In this context, it becomes a big insult to the societies when governments waste scarce resources through corruption and mismanagement. When even more resources are wasted servicing debts that only circulated between state bureaucrats locally and those abroad (among donors and foreign governments) the people become doubly cheated.
In this kind of context, what does the African renaissance really mean?

Not a government initiative
The very nature of the state and government makes it difficult to envisage the African Renaissance as a government or state initiative. The state has failed to do so much that it cannot possibly champion a grand idea like the African Renaissance. Indeed, to rekindle the capacity of the state to deliver basic services, radical change in government is a necessary precondition. This must be a project of civil society and organised political forces with clear ideas and ideologies for change.

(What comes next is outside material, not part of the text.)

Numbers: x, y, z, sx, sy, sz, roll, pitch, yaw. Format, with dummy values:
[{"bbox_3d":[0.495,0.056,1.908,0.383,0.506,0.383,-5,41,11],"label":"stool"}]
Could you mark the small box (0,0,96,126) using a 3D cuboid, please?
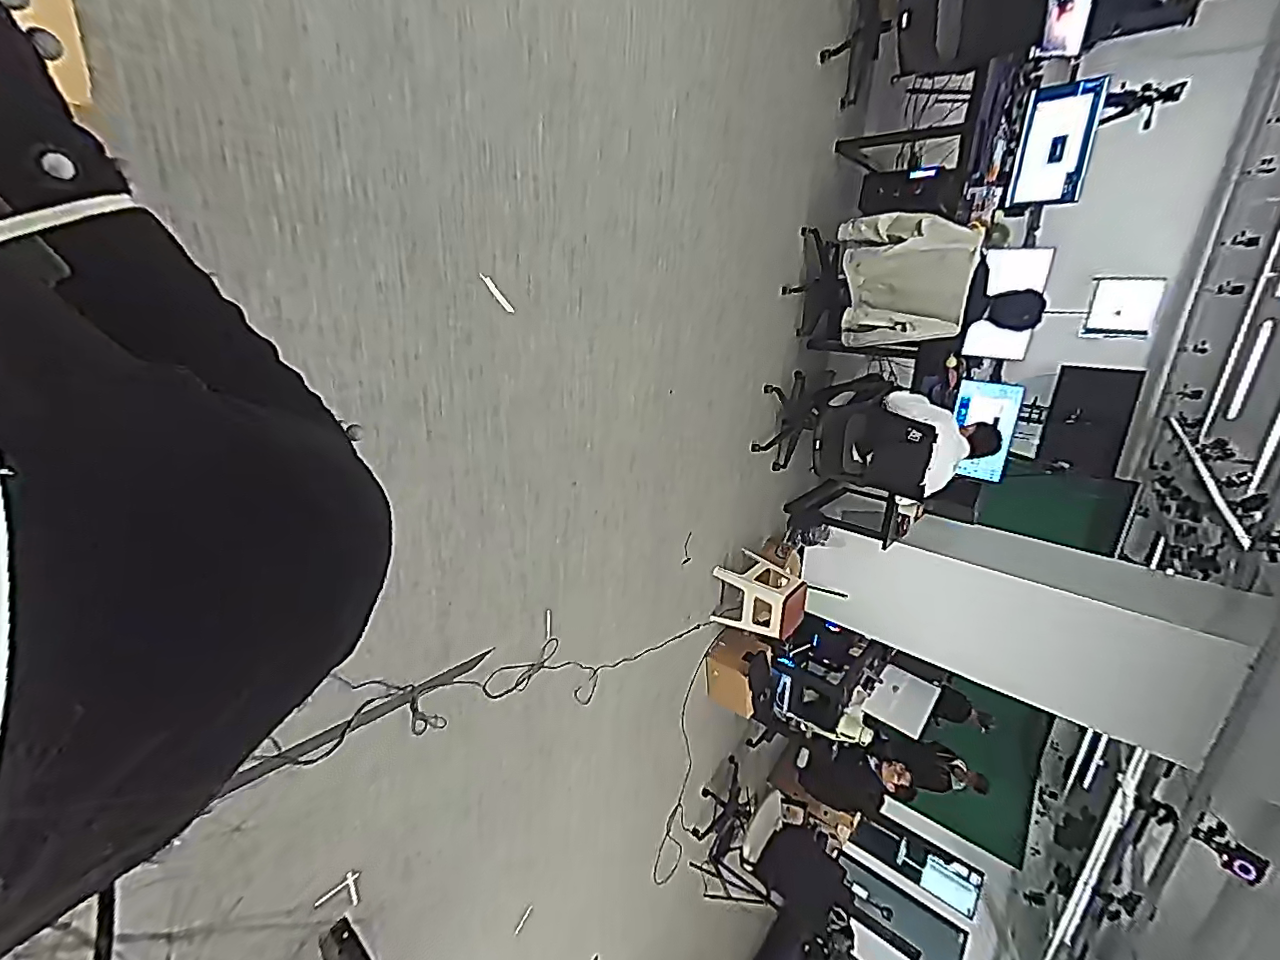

East Africa has great potential for such a project in civil society. In Kenya, in particular, there are many organisations that are focused on various issues. But there seems to be surprisingly little concern for Pan-African issues, contrary to the experience in the 1960s. There are many NGOs focused narrowly on development problems, constitutional issues, conflict management, etc. But organisations that are established to discuss ideas, to lead society to build future images of itself are surprisingly absent. Such discussions as the African Renaissance are engaged in only sporadically.
In Uganda, on the other hand, there is the headquarters of the Pan-African Movement. Uganda, in spite of its many problems, has always been a much more vibrant society intellectually. Civil society, though small as compared to Kenya, tends not to be too insular; it is always looking outside.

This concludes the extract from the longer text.